Using a cluster of lenses called the Dragonfly Telephoto Array, a team led by Yale University’s Pieter van Dokkum took a really close look at NGC1052-DF2.

By tracking the motion of 10 embedded star clusters, the team could determine how much mass is tucked into the galaxy. And surprisingly, it’s about the same amount of mass they’d expect to see from the galaxy’s stars alone.

We really thought dark matter was not just an optional component of galaxies,” van Dokkum says, noting that the team has found several other similarly perplexing galaxies to scrutinize.

Why is this observation important?

One strange observation doesn’t necessarily break a theory. But finding a galaxy that’s more or less devoid of dark matter certainly suggests a few tantalizing things.
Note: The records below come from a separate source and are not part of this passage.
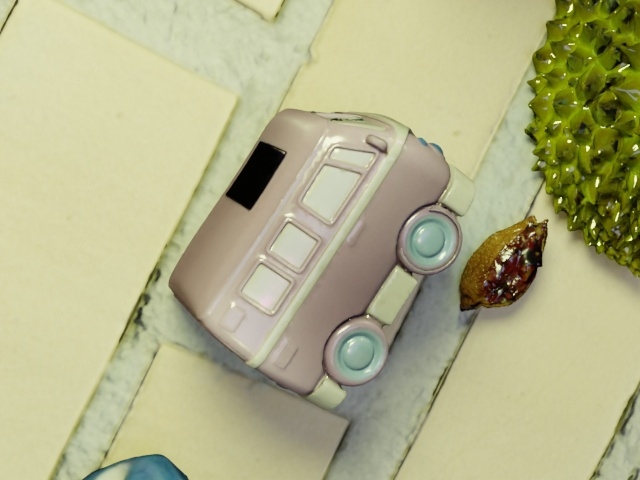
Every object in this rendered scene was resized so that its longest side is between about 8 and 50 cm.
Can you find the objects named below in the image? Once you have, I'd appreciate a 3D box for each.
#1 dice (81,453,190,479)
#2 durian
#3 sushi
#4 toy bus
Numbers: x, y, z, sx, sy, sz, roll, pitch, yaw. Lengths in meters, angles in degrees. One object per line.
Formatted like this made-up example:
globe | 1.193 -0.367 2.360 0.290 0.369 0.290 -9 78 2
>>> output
dice | -0.127 0.248 0.856 0.146 0.146 0.143 -36 110 -10
durian | 0.280 -0.161 0.960 0.169 0.157 0.356 28 90 -56
sushi | 0.151 0.023 0.960 0.050 0.047 0.099 33 90 -23
toy bus | 0.000 0.000 0.857 0.142 0.142 0.203 34 88 -21
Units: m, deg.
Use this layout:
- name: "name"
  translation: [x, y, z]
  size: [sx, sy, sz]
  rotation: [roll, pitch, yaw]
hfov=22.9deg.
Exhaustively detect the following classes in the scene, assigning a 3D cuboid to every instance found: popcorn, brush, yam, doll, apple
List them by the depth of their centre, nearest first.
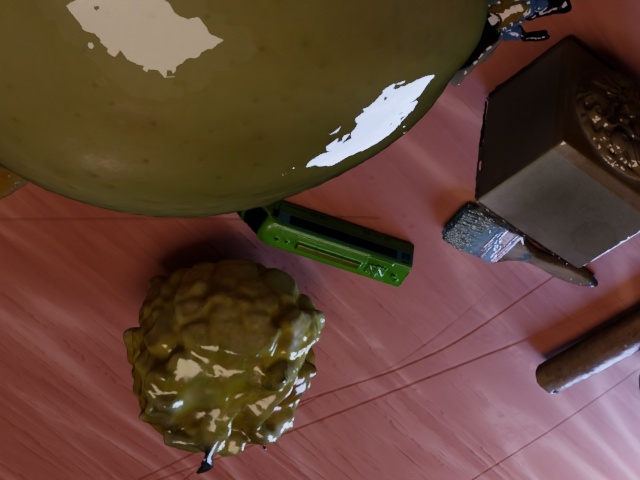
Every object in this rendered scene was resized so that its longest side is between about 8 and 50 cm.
- name: "apple"
  translation: [-0.094, -0.234, 1.212]
  size: [0.474, 0.473, 0.473]
  rotation: [4, 139, 4]
- name: "doll"
  translation: [0.138, -0.201, 1.487]
  size: [0.195, 0.070, 0.096]
  rotation: [-25, 115, 22]
- name: "brush"
  translation: [0.230, 0.013, 1.759]
  size: [0.196, 0.021, 0.070]
  rotation: [22, 137, -20]
- name: "popcorn"
  translation: [-0.111, 0.141, 1.801]
  size: [0.249, 0.225, 0.249]
  rotation: [2, 134, 2]
- name: "yam"
  translation: [0.358, 0.110, 1.830]
  size: [0.046, 0.046, 0.264]
  rotation: [32, 133, -26]

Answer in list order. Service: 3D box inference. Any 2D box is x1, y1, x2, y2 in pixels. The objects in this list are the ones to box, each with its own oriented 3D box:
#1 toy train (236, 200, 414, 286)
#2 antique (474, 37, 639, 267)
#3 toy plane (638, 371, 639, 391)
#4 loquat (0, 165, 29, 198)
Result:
- name: "toy train"
  translation: [0.000, 0.000, 1.757]
  size: [0.209, 0.042, 0.044]
  rotation: [18, 138, -12]
- name: "antique"
  translation: [0.252, -0.088, 1.536]
  size: [0.147, 0.152, 0.148]
  rotation: [31, 137, -23]
- name: "toy plane"
  translation: [0.487, 0.194, 1.856]
  size: [0.252, 0.118, 0.252]
  rotation: [-1, 123, -2]
- name: "loquat"
  translation: [-0.346, -0.153, 1.473]
  size: [0.263, 0.263, 0.263]
  rotation: [4, 139, 4]
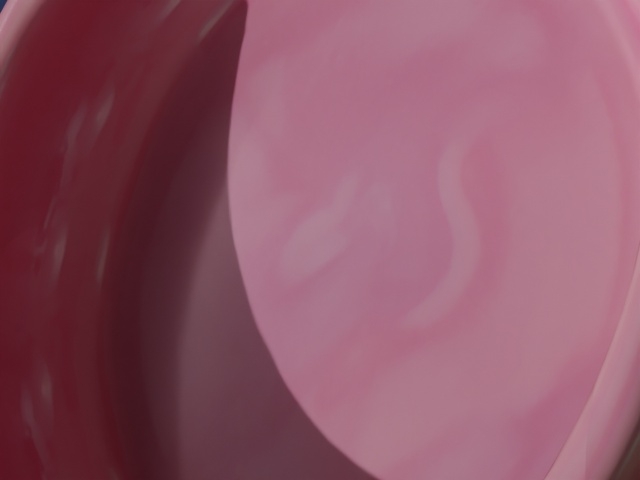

First, it really challenges ideas about how galaxies form.

In modern galaxy formation theory, our understanding is that galaxies form in a dark matter halo,” says Stanford University’s Risa Wechsler.

There’s a pretty tight relationship between the amount of stars that formed and the dark matter there, at least when the galaxy formed.

In other words, no dark matter, no galaxy.

In theories proposing alternatives to dark matter, such as modifications to our understanding of gravity, whatever is mimicking the dark matter signature is not something that can be turned on or off—it should always be there.

So, van Dokkum says, “by not detecting the dark matter, we actually prove it’s real.”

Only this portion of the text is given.